👉高田周辺の渡し
※川添地区の歴史マップに新旧の渡しが記載されていたので
新旧種具の渡しを採用しました。
高田の渡しを更新するにあたり
ことしの盆を利用し高田の道路の変遷を調べようとしました。しかしその過去の道路経路を調べているうちに「渡し」を避けて通れないことがわかってきました。
すべての道はローマーに通ず(all roads lead to rome)ではないですが、輪中の高田は乙津川、大野川にはさまれ、どういう経路を通ろうとも最後には渡しに行きつくのです。
過去に「臼杵街道(岩舟(舟戸)の渡しから金谷の渡しへ」 や 「高田の渡し・金谷の渡し」をアップしてきましたが、この機会にもう少し内容を再検討してみようと思います。
1・高田の五つの渡し
高田には上記の五の渡しがあり、松岡にはソニーセミコンダクタ(旧東芝)の裏の大野川あたりに、「舩場の渡し」(明治の横尾方面から)、上流の船本には「船本の渡し」があり、戸次方面への渡しとなっていました。
高田のこの範囲で五つは多いのではないか、と疑問を感じます。確かに多い方が対岸に行くには楽ですが渡し場を維持管理することは大変だと思います。
思うに、渡し場があった時期は必ずしも、五つが同じ時期ではなかったのではと思います。また、橋の目的が行先によっても分けられていたのでは、と考えます。
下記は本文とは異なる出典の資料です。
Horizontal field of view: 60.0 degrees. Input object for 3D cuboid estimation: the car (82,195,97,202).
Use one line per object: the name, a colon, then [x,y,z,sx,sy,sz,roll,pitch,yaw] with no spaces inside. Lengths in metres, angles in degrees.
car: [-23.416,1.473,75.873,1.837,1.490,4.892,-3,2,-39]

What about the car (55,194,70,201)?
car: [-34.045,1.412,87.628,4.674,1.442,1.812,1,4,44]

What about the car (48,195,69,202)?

ここで調べて分かっている限りの渡しの歴史を見てみたいと思います。
高田の渡しの一覧表
※1 下記の「高田村志」及び「高田風土記」を参照
※2「大正十三年九月高田橋の開通式があった」 (高田ふるさと講座年表)*当時の高田村長、岡松準平氏 (1865-1933) の尽力による。
①・乙津川の渡し
乙津川を考えるときにいくつかの疑問点があります。
昔の乙津川と今の乙津川の違い (かっては大野川の本流だった。)
乙津川は勝手は大野川の本流であったと高田風土記に書かれています。船の運航も乙津川で行われており、今では信じられません。しかし、「高田村志」を読んでみるとかっての様子が見えてきます。 「高田村志」を見てみます。
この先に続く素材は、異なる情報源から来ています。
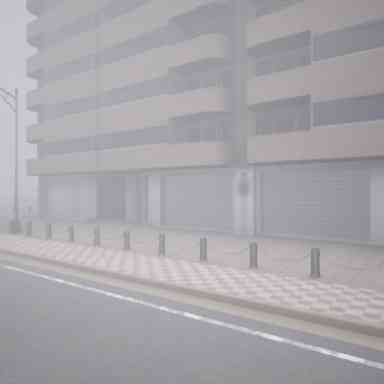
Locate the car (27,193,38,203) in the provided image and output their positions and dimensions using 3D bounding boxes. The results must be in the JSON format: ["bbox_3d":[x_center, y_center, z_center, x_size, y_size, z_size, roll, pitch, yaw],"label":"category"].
[{"bbox_3d":[-32.493,1.450,71.162,1.970,1.475,3.806,0,0,35],"label":"car"}]

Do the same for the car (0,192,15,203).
[{"bbox_3d":[-46.355,1.208,80.825,1.932,1.855,4.605,0,0,35],"label":"car"}]

大野川の今昔〈「高田村志」を読む 第一章総説 2・大野川の今昔〉大正六年著 から抜粋
👉《高田村志を読む》 第一章 総説 (総説 4ー2地勢 2・大野川の今昔)
なお、「高田村志」は「高田風土記」を参照しているので「高田風土記」もアップしておきます。
なお、「高田風土記」は文語体のためわかりやすく書き換えてみました。
👉「高田風土記」南村
要約 ①江戸時代の初期においては現在と逆で西川(乙津川)が主流で舟運の便は西川(乙津川)で行われていた。
②その当時は今の南の銀行跡地あたりまで船が出入りできるようになっていた。
③②の掘に橋が架かっていたので今日(大正6年当時)そのあたりを「橋の本」と呼んでいる。
本文(一部省略)
高田村の東を流れる大野川、西を流れる乙津川はいうまでもなく東が本流にして、旧藩時代にはこれを本川または白嵩川と称し、西はこの川の支流なれば、裏川または西川と称した。しかし口碑(言い伝え)によれば、今をさかのぼることに284年前、すなわち寛永(1622年~1644年 江戸時代初期)以前においては、この本流支流の関係は今日と全く相違し、東が支流、西が本流だったため、船運の便は、一に西川によって営まれていた。(乙津川(西川)が本流であった)
尤もこれより50年さかのぼる天正(1573年から1592年)以前においては、その水利は今日とは一層趣を異にしていたと伝えられている。このことは当高田村と関係深いことである。
現時点で西川が本流だった時代の名残りとして伝えられるものが2、3ある。その一つは大字南に貫通する堀にして、この堀は今日では僅(わずか)に排水の用をなすに過ぎないが、その時代では幅員も広く船舫(ふなもやい 船の係留)の出入りもできたのである。
それで本川を上下する河船で本村に寄泊するものはいずれもこの堀を遡行(そこう 流れをさかのぼっていくこと)して、今の首藤寶吉の裏あたりまで入り来てここに茂っていた大榎(この榎は近年まで生存していたが89年前までに切り倒されたという)に纜(ともづな)を係留することを常としていた。
またこのような堀だったので上には橋の架設もあって、人馬の通行の便になっていた。今日この付近を「橋の本」と称するは実にこれに基づくものという。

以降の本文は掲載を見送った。